Polda Jatim Tetapkan 3 Tersangka Pinjol Ilegal Surabaya
Polda Jawa Timur menetapkan tiga orang tersangka dalam kasus pinjaman online (pinjol) ilegal PT DSI yang berkantor di Jalan Raya Satelit Indah, Sukomanunggal, Kota Surabaya. Kantor ini sebelumnya digerebek kepolisian pada Jumat (22/10) lalu, belasan orang diamankan.
Kini tiga orang yang ditetapkan tersangka itu yakni APP (27) seorang warga Surabaya, dan ASA (31) serta RH (28) asal Kabupaten Bogor, Jawa Barat. Ketiganya bertugas sebagai desk collection atau penagih.
Lihat Juga : |
Kapolda Jatim Irjen Nico Afinta mengatakan pengungkapan kasus ini bermula dari laporan dua orang debitur yang mengaku mendapatkan pesan ancaman dari perusahaan penagih PT DSI.
"Pelapor atas nama M yang bersangkutan melakukan pinjaman sebesar Rp1,8 juta pada aplikasi Rupiah Maju. M ini melakukan pinjaman pada tanggal 21 September [2021] dan sudah lunas," kata Nico Senin (25/11).
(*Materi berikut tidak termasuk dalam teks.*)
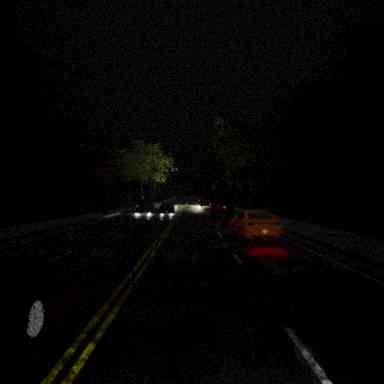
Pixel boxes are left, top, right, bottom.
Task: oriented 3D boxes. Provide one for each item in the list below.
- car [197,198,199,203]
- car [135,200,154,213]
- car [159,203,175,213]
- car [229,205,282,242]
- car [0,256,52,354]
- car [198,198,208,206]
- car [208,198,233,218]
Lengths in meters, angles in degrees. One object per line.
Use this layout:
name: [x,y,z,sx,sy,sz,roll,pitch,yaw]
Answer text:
car: [3.090,2.651,92.581,2.097,1.767,4.553,0,-1,0]
car: [-6.611,1.968,46.577,2.097,1.767,4.553,0,-1,0]
car: [-3.368,2.149,45.531,2.033,1.411,5.357,0,-1,0]
car: [3.340,1.687,17.712,1.882,1.535,5.008,0,-1,0]
car: [-3.353,1.520,3.721,1.882,1.535,5.008,0,-1,0]
car: [3.156,2.641,81.600,1.837,1.490,4.892,0,-1,0]
car: [3.330,1.693,36.625,2.150,2.045,5.566,0,-1,0]

"Sekali lagi sudah lunas pada tanggal 7 Oktober 2021. Namun pada saat 7 Oktober melunasinya itu, menerima juga saudara M ini, ancaman," tambahnya.
Nico mengatakan ancaman itu dikirim ke WhatsApp M secara terus menerus. Tersangka mengancam akan menyebarkan foto dan KTP korban bila tidak segera membayarkan utangnya di pinjol.
Karena merasa terancam padahal sudah melunasi tagihan, M kemudian melaporkan kejadian ini ke Polda Jatim. Polisi pun akhirnya menangkap APP pada 16 Oktober. Tersangka mengaku bekerja untuk PT DSI.
Sementara laporan kedua dilayangkan oleh korban B. Pada Desember 2020, B meminjam uang pada aplikasi pinjaman online Rupiah Merdeka, dengan nilai Rp3 juta.
Tiga bulan berikutnya atau Februari 2021, B sudah melunasi pinjamannya. Tetapi, pada Juli 2021, B tetap ditagih oleh nomor tak dikenal. Pelaku juga mengancam akan menyebarkan foto dan KTP korban.
"Akhirnya B membuat laporan polisi di Polda Jawa Timur, kemudian tim melakukan pemeriksaan. Dan pada tanggal 15 Oktober 2021, tim menangkap dua tersangka. Satu inisial RH alias A, yang kedua ASA. A ditangkap di Bogor dan ASA ditangkap di Surabaya," ucapnya.
Atas perbuatannya, ketiga tersangka pun terancam jeratan pasal 27, 29 dan 45 undang-undang nomor 19 tahun 2016 tentang informasi dan transaksi elektronik dengan hukuman enam tahun penjara dan denda Rp1 miliar.